* **What is being asked**: Would you return each record that follows word for word, without its pictures?

Top of Record excerpts

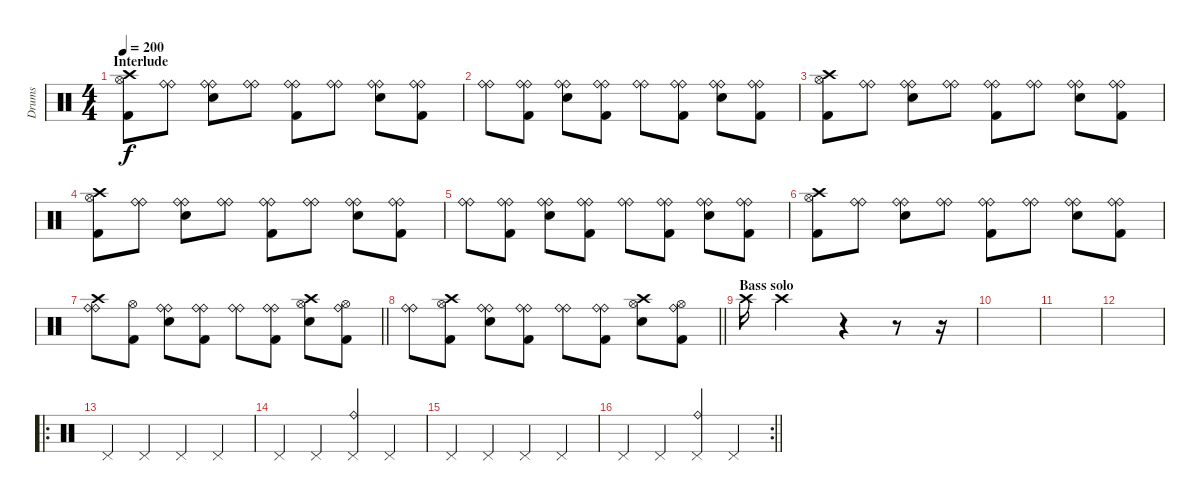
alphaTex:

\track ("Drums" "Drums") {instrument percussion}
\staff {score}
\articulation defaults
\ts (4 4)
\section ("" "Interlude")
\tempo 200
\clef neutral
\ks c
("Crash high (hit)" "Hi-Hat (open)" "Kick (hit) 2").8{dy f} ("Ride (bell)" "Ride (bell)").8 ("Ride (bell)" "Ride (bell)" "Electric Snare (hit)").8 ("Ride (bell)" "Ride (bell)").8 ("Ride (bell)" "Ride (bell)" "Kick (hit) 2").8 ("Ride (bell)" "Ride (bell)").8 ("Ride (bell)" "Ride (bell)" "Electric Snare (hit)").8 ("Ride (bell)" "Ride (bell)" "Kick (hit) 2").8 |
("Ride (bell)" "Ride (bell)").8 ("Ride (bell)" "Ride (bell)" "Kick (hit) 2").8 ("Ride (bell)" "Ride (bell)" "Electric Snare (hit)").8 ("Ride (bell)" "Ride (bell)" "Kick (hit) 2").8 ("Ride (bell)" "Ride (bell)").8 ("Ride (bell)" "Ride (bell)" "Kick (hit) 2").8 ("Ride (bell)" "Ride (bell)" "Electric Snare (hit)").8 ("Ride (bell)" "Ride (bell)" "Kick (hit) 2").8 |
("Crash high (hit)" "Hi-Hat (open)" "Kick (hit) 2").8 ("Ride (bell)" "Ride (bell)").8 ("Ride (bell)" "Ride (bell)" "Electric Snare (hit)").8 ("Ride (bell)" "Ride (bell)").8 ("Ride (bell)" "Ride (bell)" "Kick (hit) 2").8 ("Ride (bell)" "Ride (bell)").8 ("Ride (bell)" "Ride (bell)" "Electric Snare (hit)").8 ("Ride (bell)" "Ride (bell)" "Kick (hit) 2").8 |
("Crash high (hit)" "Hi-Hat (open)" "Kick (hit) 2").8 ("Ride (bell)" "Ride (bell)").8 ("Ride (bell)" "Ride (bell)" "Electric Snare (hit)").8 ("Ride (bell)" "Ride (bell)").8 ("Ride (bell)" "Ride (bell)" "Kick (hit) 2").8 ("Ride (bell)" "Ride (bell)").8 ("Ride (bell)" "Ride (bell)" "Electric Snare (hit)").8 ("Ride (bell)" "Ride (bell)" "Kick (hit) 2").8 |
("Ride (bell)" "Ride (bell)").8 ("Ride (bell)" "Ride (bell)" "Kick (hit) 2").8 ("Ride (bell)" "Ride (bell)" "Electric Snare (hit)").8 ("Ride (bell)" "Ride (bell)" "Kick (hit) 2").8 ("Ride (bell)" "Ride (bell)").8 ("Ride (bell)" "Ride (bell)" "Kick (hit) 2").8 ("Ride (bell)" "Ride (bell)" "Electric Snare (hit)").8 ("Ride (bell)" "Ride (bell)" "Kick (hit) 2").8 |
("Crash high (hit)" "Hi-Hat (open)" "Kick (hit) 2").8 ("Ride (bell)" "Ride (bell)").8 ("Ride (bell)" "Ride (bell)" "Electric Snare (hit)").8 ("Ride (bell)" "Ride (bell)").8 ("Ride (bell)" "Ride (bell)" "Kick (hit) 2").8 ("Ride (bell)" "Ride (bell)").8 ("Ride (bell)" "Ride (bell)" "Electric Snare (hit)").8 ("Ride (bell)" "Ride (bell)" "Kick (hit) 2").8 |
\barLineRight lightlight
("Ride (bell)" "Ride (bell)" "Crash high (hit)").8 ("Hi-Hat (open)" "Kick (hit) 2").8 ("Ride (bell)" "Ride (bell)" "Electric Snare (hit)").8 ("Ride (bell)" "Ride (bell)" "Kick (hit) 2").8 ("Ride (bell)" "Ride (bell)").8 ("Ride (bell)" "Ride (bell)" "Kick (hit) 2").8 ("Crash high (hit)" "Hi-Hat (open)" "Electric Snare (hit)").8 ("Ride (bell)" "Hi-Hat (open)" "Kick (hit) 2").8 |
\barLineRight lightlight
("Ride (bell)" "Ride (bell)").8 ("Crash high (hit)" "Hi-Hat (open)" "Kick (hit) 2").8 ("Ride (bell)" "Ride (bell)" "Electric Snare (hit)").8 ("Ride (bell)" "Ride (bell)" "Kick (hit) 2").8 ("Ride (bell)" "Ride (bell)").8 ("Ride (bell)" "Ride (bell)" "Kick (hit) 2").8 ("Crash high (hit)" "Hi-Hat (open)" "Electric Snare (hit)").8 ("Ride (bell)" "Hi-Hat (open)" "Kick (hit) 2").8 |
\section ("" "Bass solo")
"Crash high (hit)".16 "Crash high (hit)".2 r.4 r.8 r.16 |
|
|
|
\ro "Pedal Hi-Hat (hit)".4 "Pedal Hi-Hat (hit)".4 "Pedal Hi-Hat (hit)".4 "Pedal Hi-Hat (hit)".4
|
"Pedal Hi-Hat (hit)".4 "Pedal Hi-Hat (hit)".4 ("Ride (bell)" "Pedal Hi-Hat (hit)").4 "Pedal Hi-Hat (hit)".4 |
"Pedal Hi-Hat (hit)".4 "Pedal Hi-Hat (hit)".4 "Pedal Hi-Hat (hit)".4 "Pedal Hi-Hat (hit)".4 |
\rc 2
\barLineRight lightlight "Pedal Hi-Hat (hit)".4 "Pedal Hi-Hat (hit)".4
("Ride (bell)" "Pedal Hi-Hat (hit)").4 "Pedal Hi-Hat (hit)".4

Bottom of Record excerpts

* **Task answer**:
alphaTex:

\track ("Drums" "Drums") {instrument percussion}
\staff {score}
\articulation defaults
\ts (4 4)
\section ("" "Interlude")
\tempo 200
\clef neutral
\ks c
("Crash high (hit)" "Hi-Hat (open)" "Kick (hit) 2").8{dy f} ("Ride (bell)" "Ride (bell)").8 ("Ride (bell)" "Ride (bell)" "Electric Snare (hit)").8 ("Ride (bell)" "Ride (bell)").8 ("Ride (bell)" "Ride (bell)" "Kick (hit) 2").8 ("Ride (bell)" "Ride (bell)").8 ("Ride (bell)" "Ride (bell)" "Electric Snare (hit)").8 ("Ride (bell)" "Ride (bell)" "Kick (hit) 2").8 |
("Ride (bell)" "Ride (bell)").8 ("Ride (bell)" "Ride (bell)" "Kick (hit) 2").8 ("Ride (bell)" "Ride (bell)" "Electric Snare (hit)").8 ("Ride (bell)" "Ride (bell)" "Kick (hit) 2").8 ("Ride (bell)" "Ride (bell)").8 ("Ride (bell)" "Ride (bell)" "Kick (hit) 2").8 ("Ride (bell)" "Ride (bell)" "Electric Snare (hit)").8 ("Ride (bell)" "Ride (bell)" "Kick (hit) 2").8 |
("Crash high (hit)" "Hi-Hat (open)" "Kick (hit) 2").8 ("Ride (bell)" "Ride (bell)").8 ("Ride (bell)" "Ride (bell)" "Electric Snare (hit)").8 ("Ride (bell)" "Ride (bell)").8 ("Ride (bell)" "Ride (bell)" "Kick (hit) 2").8 ("Ride (bell)" "Ride (bell)").8 ("Ride (bell)" "Ride (bell)" "Electric Snare (hit)").8 ("Ride (bell)" "Ride (bell)" "Kick (hit) 2").8 |
("Crash high (hit)" "Hi-Hat (open)" "Kick (hit) 2").8 ("Ride (bell)" "Ride (bell)").8 ("Ride (bell)" "Ride (bell)" "Electric Snare (hit)").8 ("Ride (bell)" "Ride (bell)").8 ("Ride (bell)" "Ride (bell)" "Kick (hit) 2").8 ("Ride (bell)" "Ride (bell)").8 ("Ride (bell)" "Ride (bell)" "Electric Snare (hit)").8 ("Ride (bell)" "Ride (bell)" "Kick (hit) 2").8 |
("Ride (bell)" "Ride (bell)").8 ("Ride (bell)" "Ride (bell)" "Kick (hit) 2").8 ("Ride (bell)" "Ride (bell)" "Electric Snare (hit)").8 ("Ride (bell)" "Ride (bell)" "Kick (hit) 2").8 ("Ride (bell)" "Ride (bell)").8 ("Ride (bell)" "Ride (bell)" "Kick (hit) 2").8 ("Ride (bell)" "Ride (bell)" "Electric Snare (hit)").8 ("Ride (bell)" "Ride (bell)" "Kick (hit) 2").8 |
("Crash high (hit)" "Hi-Hat (open)" "Kick (hit) 2").8 ("Ride (bell)" "Ride (bell)").8 ("Ride (bell)" "Ride (bell)" "Electric Snare (hit)").8 ("Ride (bell)" "Ride (bell)").8 ("Ride (bell)" "Ride (bell)" "Kick (hit) 2").8 ("Ride (bell)" "Ride (bell)").8 ("Ride (bell)" "Ride (bell)" "Electric Snare (hit)").8 ("Ride (bell)" "Ride (bell)" "Kick (hit) 2").8 |
\barLineRight lightlight
("Ride (bell)" "Ride (bell)" "Crash high (hit)").8 ("Hi-Hat (open)" "Kick (hit) 2").8 ("Ride (bell)" "Ride (bell)" "Electric Snare (hit)").8 ("Ride (bell)" "Ride (bell)" "Kick (hit) 2").8 ("Ride (bell)" "Ride (bell)").8 ("Ride (bell)" "Ride (bell)" "Kick (hit) 2").8 ("Crash high (hit)" "Hi-Hat (open)" "Electric Snare (hit)").8 ("Ride (bell)" "Hi-Hat (open)" "Kick (hit) 2").8 |
\barLineRight lightlight
("Ride (bell)" "Ride (bell)").8 ("Crash high (hit)" "Hi-Hat (open)" "Kick (hit) 2").8 ("Ride (bell)" "Ride (bell)" "Electric Snare (hit)").8 ("Ride (bell)" "Ride (bell)" "Kick (hit) 2").8 ("Ride (bell)" "Ride (bell)").8 ("Ride (bell)" "Ride (bell)" "Kick (hit) 2").8 ("Crash high (hit)" "Hi-Hat (open)" "Electric Snare (hit)").8 ("Ride (bell)" "Hi-Hat (open)" "Kick (hit) 2").8 |
\section ("" "Bass solo")
"Crash high (hit)".16 "Crash high (hit)".2 r.4 r.8 r.16 |
|
|
|
\ro "Pedal Hi-Hat (hit)".4 "Pedal Hi-Hat (hit)".4 "Pedal Hi-Hat (hit)".4 "Pedal Hi-Hat (hit)".4
|
"Pedal Hi-Hat (hit)".4 "Pedal Hi-Hat (hit)".4 ("Ride (bell)" "Pedal Hi-Hat (hit)").4 "Pedal Hi-Hat (hit)".4 |
"Pedal Hi-Hat (hit)".4 "Pedal Hi-Hat (hit)".4 "Pedal Hi-Hat (hit)".4 "Pedal Hi-Hat (hit)".4 |
\rc 2
\barLineRight lightlight "Pedal Hi-Hat (hit)".4 "Pedal Hi-Hat (hit)".4
("Ride (bell)" "Pedal Hi-Hat (hit)").4 "Pedal Hi-Hat (hit)".4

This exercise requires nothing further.